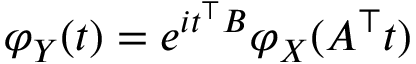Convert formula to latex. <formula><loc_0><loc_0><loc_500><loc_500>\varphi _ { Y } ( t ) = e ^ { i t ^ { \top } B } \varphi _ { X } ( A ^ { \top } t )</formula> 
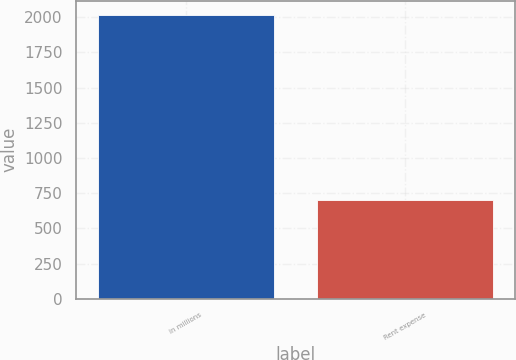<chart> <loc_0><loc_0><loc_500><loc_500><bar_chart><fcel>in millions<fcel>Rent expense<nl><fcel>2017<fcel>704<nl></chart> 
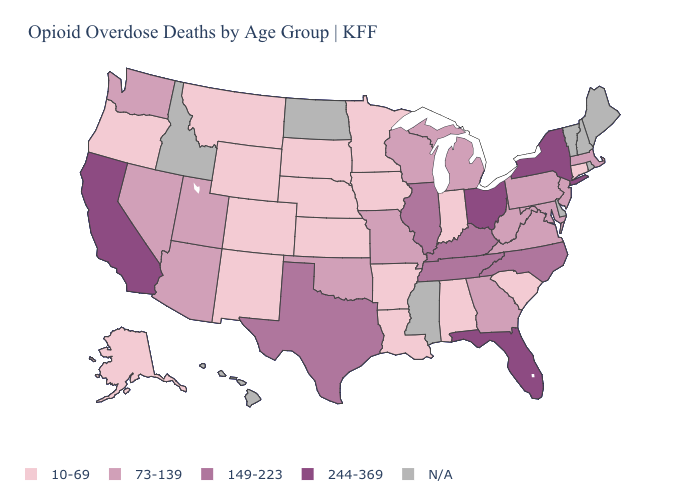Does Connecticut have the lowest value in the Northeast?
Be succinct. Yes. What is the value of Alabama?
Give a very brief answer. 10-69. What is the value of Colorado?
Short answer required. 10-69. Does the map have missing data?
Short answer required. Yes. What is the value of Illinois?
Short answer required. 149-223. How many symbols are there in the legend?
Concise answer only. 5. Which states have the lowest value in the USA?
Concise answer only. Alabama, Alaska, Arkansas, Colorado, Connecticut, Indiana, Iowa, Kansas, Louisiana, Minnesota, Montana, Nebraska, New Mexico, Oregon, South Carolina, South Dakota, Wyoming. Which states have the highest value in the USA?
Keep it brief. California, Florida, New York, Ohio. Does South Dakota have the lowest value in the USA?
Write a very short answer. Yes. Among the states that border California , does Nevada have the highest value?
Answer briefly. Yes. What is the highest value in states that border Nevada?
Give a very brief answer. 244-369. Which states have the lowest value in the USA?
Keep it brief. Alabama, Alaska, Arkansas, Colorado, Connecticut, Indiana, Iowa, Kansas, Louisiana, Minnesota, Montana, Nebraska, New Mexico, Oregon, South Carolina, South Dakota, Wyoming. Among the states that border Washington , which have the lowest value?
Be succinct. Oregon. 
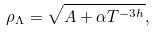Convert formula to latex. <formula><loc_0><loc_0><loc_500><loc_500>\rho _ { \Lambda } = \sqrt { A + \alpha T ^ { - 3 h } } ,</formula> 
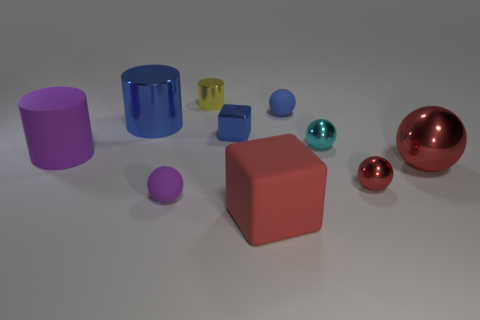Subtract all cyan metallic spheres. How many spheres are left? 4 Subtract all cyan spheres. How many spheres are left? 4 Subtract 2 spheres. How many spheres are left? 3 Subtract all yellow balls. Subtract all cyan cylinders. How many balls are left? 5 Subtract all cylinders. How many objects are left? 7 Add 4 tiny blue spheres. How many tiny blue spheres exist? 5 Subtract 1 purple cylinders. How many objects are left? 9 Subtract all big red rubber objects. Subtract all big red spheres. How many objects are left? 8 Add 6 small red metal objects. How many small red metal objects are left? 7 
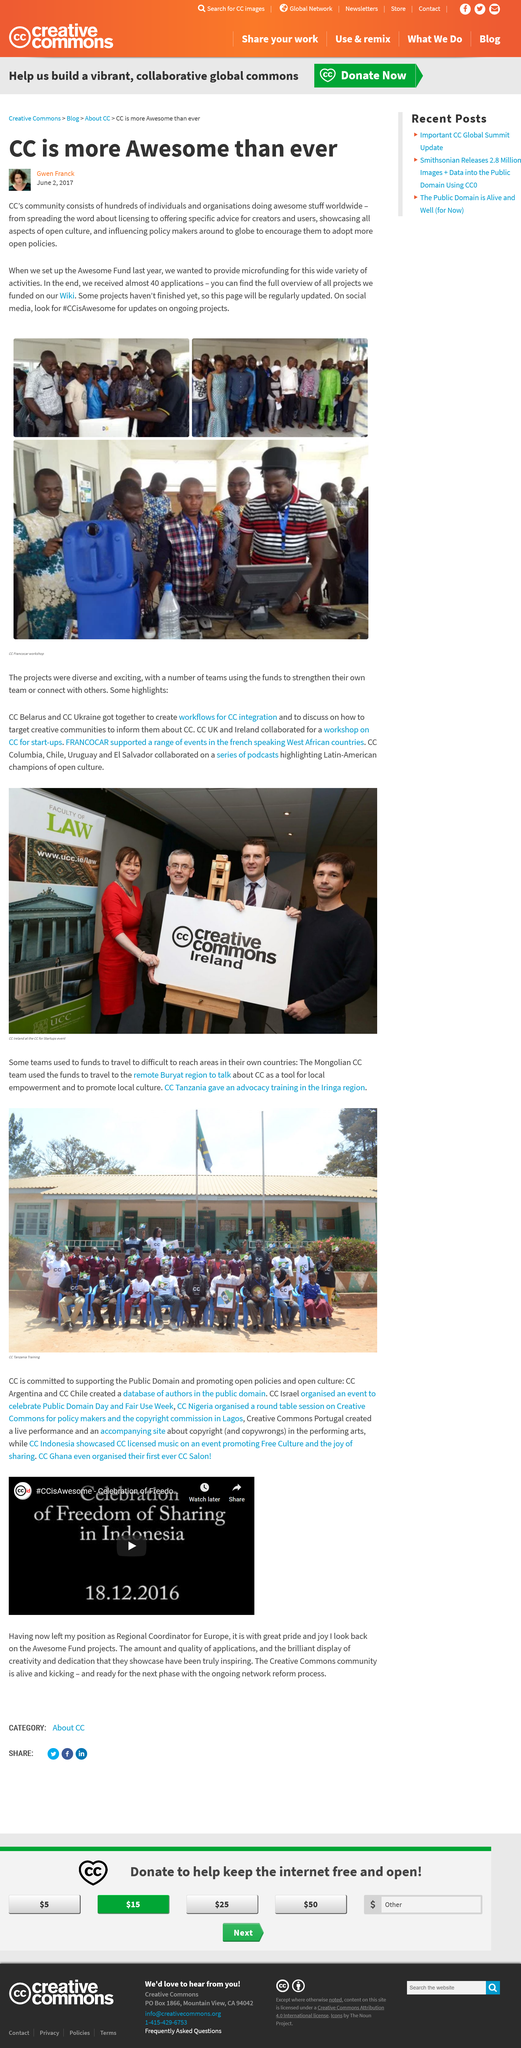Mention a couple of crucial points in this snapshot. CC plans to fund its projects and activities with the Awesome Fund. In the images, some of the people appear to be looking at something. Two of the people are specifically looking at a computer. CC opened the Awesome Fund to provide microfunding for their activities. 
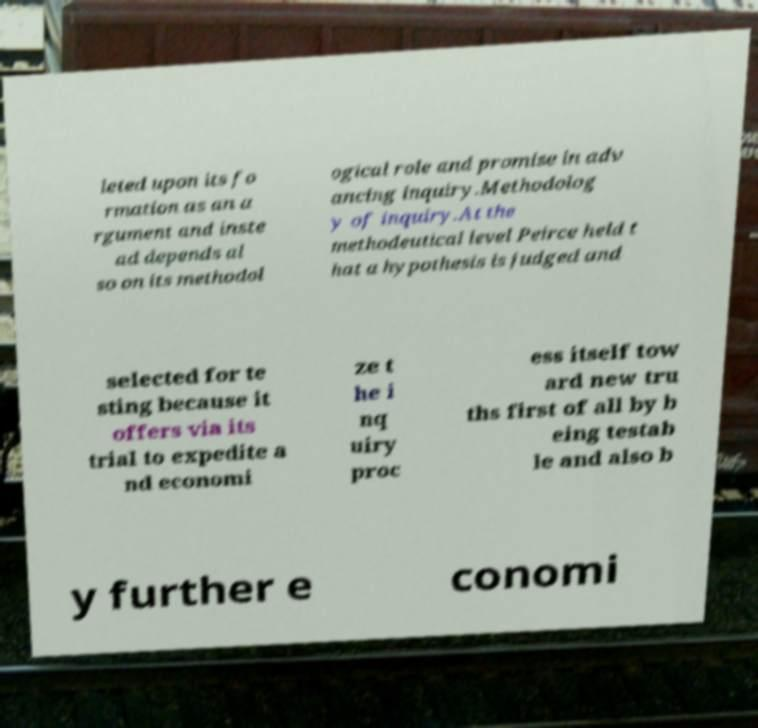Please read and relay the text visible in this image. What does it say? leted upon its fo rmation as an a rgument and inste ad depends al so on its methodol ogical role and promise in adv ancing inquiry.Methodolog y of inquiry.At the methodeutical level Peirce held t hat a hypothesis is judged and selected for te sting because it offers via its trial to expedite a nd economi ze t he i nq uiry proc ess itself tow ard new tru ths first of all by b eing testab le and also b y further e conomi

* **EXERCISE DESCRIPTION**:
Once you have located every line with the word "Among" in the material above, list those lines.

* **EXERCISE OUTPUT**:
Write a very short answer. Yes. Among the states that border California , does Nevada have the highest value?
Keep it brief. Alabama, Alaska, Arkansas, Colorado, Connecticut, Indiana, Iowa, Kansas, Louisiana, Minnesota, Montana, Nebraska, New Mexico, Oregon, South Carolina, South Dakota, Wyoming. Among the states that border Washington , which have the lowest value?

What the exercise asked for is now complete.